Thanks for your suggestions.

1. Can you reproduce the web hook push event failure in any way?

2. Thanks for the suggestion, I made https://gitlab.com/gitlab-com/doc-gitlab-com/issues/55


It's $25 a month if you want to manage teams. Wish I'd known that before I switched off bitbucket.


Are your team's salaries so low that $25 a month is a noticeable cost?

I can't think of any situation involving multiple paid employees where $25 is anything but a rounding error.


what does that mean, you can't add collaborators to your 7$ a month project?


You've always been able to add collaborators to private projects. What you miss out on is the team features, which isn't very much if you have a small team.


As of the last couple months, you can add collaborators to your project.


thanks for the heads up!


There was a conversation about got lab last week, which prompted me to go check out Gitlab. After a good five minutes looking around their site I could not discern that it was possible to host repositories on their servers. Their entire sales pitch is about hosting your own. They need to fix that if they want any attention.

If they made their pages community oriented, and allowed for people to link their github accounts to their Gitlab accounts, then they would have a shot at stealing the hearts and minds.

If they could support forking from github that would be even better, but I bet GitHub would try to block them.
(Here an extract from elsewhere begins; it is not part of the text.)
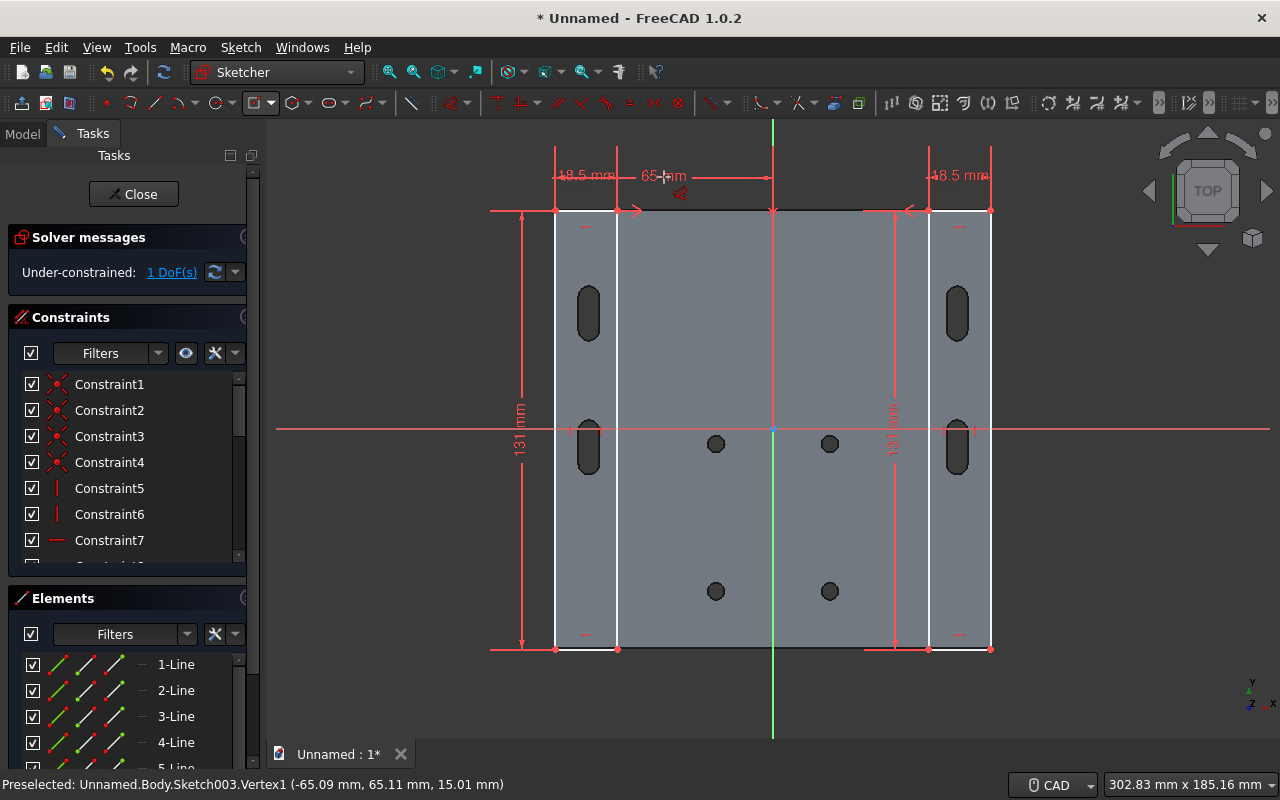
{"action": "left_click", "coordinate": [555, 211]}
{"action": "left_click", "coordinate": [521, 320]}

On our website we try to cater to both on-premises and SaaS users. Our homepage https://about.gitlab.com/ has 4 offerings of which one is GitLab.com, we plan to reduce this to 3 to make .com more prominent. We also have GitLab.com in the top navigation as well as a Sign In button.

Where did you look on our website and expected to find information about hosting repositories on our servers? Maybe we can add a notice there.
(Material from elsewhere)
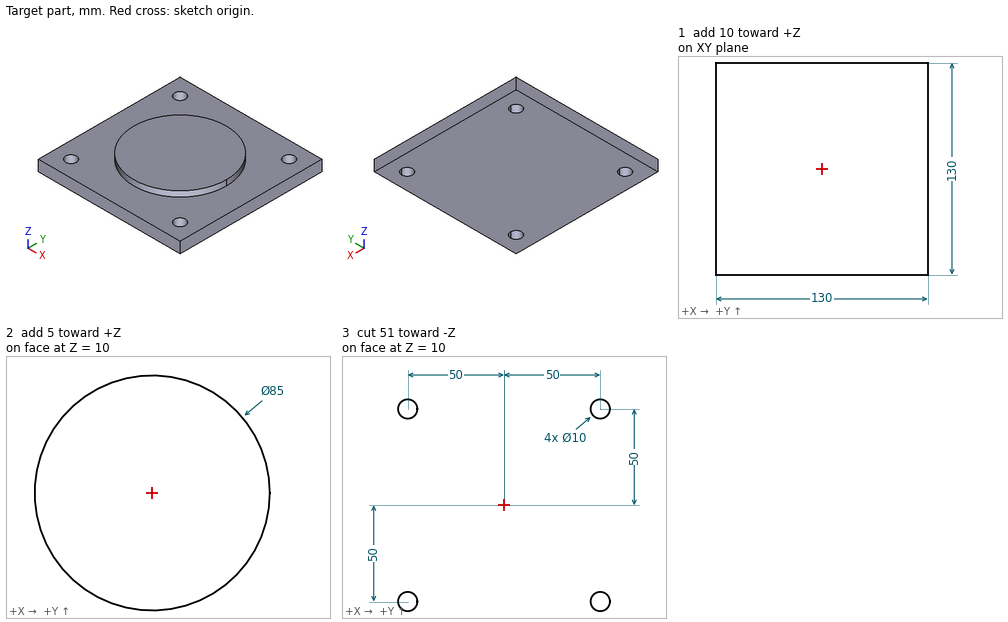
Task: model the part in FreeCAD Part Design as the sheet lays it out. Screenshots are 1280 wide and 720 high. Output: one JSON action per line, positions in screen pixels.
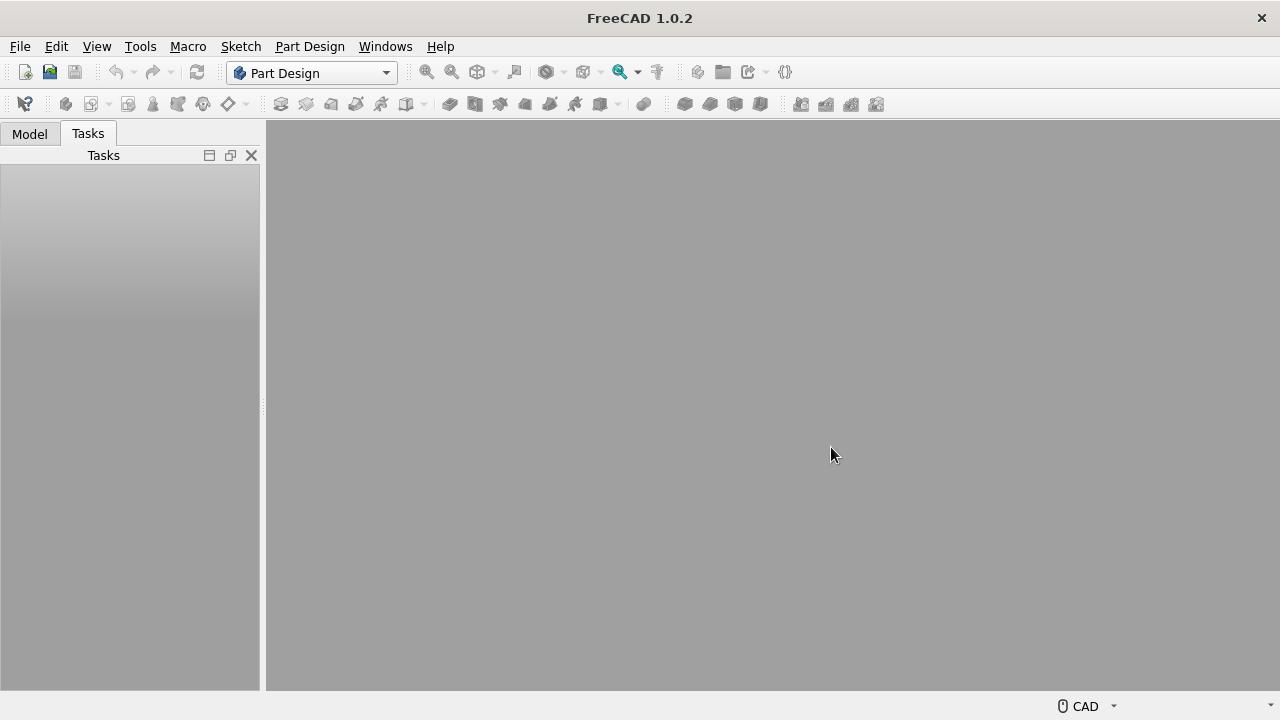
{"action": "left_click", "coordinate": [25, 72]}

They do mention that hosted GitLab is quite slow, so they strongly encourage you to host your own.


Self hosted gitlab is also slow unfortunately. I introduced gitlab to my company as a replacement for gitosis. It's been ok but we're looking to move to gogs.io which is a lot less clunky and slow. If gitlab really want traction, they need to fix their software to be on par with the quality of other open source offerings.


Gogs is super quick, well designed and powerful. If it has all the features you require, I highly recommend it. Rolling updates were quite simple, swap nginx from one Docker container to another and you're good to go.


That's good to hear. I've been meaning to look at Gogs again, after having first played with it in it's early days (before pull requests were available). Sounds like it's usable now. :)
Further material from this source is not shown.